◆ **The task**:
What's wanted is each entry repeated verbatim, minus its images.

◆ **Supplied material**:
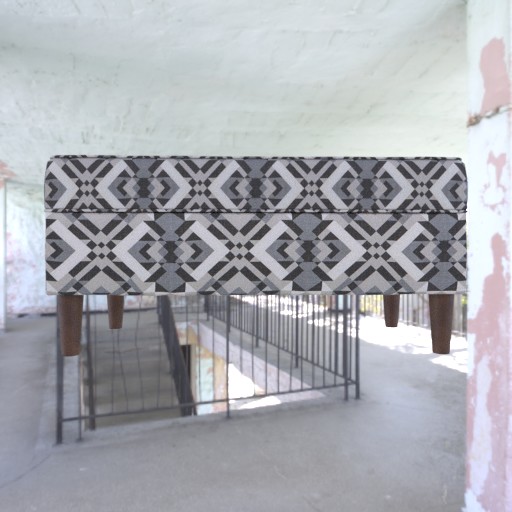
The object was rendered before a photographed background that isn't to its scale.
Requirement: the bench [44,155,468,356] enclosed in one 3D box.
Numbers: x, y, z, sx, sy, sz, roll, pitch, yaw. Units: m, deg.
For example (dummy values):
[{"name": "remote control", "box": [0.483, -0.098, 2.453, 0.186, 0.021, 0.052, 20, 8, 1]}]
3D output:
[{"name": "bench", "box": [0.000, 0.000, 1.277, 1.016, 0.477, 0.492, 0, 1, -1]}]

◆ **Output**:
The object was rendered before a photographed background that isn't to its scale.
Requirement: the bench [44,155,468,356] enclosed in one 3D box.
Numbers: x, y, z, sx, sy, sz, roll, pitch, yaw. Units: m, deg.
For example (dummy values):
[{"name": "remote control", "box": [0.483, -0.098, 2.453, 0.186, 0.021, 0.052, 20, 8, 1]}]
3D output:
[{"name": "bench", "box": [0.000, 0.000, 1.277, 1.016, 0.477, 0.492, 0, 1, -1]}]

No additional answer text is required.